Surpreedida Pelo Seu Intimo

Escritor: Goncalves Andre Mataveia Junior

surpreedida-pelo-seu-intimo

Prefácio
Este conto foi elaborado usando como modelo os clássicos do século XIX. É aconselhável a todas a faixas etárias, não só para os mais adultos e com um nível de percepção alta. Mas para todos nós desde os mais novos ao mais velhos.

Era um belo dia, o sol fazia-se sentir intensamente, o vento soprava leve e lentamente, transportando para todos os cantos,flutuando pelos ares o suave perfume das flores que nessa tarde esfloreavam, para dar mais cor a aquela tarde de primavera.

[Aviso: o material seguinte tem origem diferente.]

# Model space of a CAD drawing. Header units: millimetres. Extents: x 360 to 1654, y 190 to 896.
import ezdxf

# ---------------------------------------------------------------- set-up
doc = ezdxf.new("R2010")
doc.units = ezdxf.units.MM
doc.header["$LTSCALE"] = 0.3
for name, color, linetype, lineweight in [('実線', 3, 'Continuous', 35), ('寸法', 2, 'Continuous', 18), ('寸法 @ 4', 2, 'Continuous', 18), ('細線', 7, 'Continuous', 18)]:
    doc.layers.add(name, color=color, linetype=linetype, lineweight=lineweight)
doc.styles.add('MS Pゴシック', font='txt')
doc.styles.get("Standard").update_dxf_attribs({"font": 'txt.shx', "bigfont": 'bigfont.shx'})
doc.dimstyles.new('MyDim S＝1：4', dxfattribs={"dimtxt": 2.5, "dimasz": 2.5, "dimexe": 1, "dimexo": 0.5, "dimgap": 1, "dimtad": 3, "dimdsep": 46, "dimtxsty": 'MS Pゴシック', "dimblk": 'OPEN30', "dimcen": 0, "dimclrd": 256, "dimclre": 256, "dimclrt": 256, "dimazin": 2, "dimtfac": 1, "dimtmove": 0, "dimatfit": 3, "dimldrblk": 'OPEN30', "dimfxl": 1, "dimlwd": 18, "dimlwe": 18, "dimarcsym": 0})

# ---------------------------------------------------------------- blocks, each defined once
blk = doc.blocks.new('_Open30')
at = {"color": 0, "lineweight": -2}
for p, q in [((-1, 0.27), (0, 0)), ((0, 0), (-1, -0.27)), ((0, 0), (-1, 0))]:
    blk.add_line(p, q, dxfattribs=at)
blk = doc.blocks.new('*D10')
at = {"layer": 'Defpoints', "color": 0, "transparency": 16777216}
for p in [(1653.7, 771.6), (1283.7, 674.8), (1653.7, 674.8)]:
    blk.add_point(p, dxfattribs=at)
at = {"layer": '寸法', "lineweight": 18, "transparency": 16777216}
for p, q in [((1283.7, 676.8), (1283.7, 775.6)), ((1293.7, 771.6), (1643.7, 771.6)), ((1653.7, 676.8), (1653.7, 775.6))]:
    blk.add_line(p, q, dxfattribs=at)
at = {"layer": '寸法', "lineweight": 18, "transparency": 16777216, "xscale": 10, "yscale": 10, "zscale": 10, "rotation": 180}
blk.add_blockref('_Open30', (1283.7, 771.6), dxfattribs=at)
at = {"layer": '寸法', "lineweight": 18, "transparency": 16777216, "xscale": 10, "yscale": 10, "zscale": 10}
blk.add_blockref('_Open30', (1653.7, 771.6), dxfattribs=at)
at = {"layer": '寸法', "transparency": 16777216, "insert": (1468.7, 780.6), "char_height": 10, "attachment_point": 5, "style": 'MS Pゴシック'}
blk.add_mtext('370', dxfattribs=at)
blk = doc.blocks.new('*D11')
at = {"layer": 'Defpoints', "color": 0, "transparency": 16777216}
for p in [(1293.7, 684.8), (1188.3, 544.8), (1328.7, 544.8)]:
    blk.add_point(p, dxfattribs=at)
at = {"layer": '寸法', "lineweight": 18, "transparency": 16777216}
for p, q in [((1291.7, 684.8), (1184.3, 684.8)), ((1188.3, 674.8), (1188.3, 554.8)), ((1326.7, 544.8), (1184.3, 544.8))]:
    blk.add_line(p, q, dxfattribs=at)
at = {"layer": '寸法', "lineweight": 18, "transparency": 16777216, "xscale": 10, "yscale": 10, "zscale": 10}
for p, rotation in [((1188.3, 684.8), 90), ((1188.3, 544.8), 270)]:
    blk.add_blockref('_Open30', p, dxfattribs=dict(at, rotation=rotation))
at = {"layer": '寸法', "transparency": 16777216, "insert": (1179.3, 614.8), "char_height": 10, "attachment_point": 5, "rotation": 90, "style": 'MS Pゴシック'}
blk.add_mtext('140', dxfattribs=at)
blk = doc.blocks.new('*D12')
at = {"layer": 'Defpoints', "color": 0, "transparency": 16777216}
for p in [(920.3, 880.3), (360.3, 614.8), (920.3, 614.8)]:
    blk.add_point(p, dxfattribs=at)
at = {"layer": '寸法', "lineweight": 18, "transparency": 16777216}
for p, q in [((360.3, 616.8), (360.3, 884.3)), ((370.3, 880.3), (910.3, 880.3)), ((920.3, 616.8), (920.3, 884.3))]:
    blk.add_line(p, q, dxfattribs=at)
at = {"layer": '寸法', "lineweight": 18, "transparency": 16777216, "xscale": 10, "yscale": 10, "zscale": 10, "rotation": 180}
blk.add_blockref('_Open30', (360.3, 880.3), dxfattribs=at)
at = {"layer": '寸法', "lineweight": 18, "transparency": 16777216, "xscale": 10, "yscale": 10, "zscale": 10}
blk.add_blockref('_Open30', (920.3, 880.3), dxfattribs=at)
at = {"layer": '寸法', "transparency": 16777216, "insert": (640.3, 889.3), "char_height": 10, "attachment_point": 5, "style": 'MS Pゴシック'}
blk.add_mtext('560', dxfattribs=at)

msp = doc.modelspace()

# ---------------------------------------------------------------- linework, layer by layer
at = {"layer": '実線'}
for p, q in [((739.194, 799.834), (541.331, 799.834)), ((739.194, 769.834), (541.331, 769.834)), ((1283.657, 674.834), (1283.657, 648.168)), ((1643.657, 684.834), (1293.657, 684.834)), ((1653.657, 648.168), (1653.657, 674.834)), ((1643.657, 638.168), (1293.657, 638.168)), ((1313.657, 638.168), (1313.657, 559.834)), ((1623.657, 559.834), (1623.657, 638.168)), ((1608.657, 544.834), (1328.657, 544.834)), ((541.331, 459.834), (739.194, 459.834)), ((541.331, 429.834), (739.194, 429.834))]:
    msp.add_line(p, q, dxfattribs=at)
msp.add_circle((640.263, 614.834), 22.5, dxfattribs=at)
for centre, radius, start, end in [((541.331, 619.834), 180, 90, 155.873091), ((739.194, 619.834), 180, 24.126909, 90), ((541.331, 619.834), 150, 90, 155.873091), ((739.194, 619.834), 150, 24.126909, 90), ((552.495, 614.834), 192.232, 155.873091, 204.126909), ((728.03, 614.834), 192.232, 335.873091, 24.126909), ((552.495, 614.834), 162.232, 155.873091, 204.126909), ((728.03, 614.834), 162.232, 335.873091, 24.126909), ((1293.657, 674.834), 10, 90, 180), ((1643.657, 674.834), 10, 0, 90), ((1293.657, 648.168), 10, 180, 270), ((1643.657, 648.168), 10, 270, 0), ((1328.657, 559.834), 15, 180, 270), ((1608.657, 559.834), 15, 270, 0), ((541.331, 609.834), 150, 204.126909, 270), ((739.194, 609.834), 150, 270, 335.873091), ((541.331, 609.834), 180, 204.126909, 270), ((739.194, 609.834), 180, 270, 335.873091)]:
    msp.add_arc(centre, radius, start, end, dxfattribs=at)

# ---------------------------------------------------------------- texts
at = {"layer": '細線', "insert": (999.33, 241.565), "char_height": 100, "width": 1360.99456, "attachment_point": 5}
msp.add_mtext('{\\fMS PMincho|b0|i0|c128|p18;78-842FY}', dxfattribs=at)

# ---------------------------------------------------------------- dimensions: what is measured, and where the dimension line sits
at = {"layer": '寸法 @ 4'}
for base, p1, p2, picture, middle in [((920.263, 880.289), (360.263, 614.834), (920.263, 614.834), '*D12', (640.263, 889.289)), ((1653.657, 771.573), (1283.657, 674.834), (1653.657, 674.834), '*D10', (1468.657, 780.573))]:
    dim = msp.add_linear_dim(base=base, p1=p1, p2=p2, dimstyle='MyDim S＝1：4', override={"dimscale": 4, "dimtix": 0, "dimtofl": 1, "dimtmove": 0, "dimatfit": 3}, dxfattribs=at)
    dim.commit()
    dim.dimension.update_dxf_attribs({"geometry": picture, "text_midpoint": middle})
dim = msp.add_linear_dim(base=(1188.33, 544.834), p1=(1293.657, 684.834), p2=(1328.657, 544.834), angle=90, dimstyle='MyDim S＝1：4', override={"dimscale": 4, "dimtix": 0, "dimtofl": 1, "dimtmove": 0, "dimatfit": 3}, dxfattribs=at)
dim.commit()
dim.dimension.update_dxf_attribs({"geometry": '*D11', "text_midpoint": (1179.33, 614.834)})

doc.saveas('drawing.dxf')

Em algures da bela cidade de maputo, onde o raiar do sol dava mais cor ao dia, vivia uma linda menina de pele negra e suave, a problematica TELMA.

Telma era uma menina que duvidara sempre da existência das tartarugas, e por mais que fôssem existir, ela achava que fôssem animais nogentos, sem graça e em fim, chilique de menina mimada. Todas as meninas de sua idade, tinham como animal de estimação uma tartaruga. Mas telma preferia lagartichas,tendo em conta que nem acreditava que tartarugas exitiam.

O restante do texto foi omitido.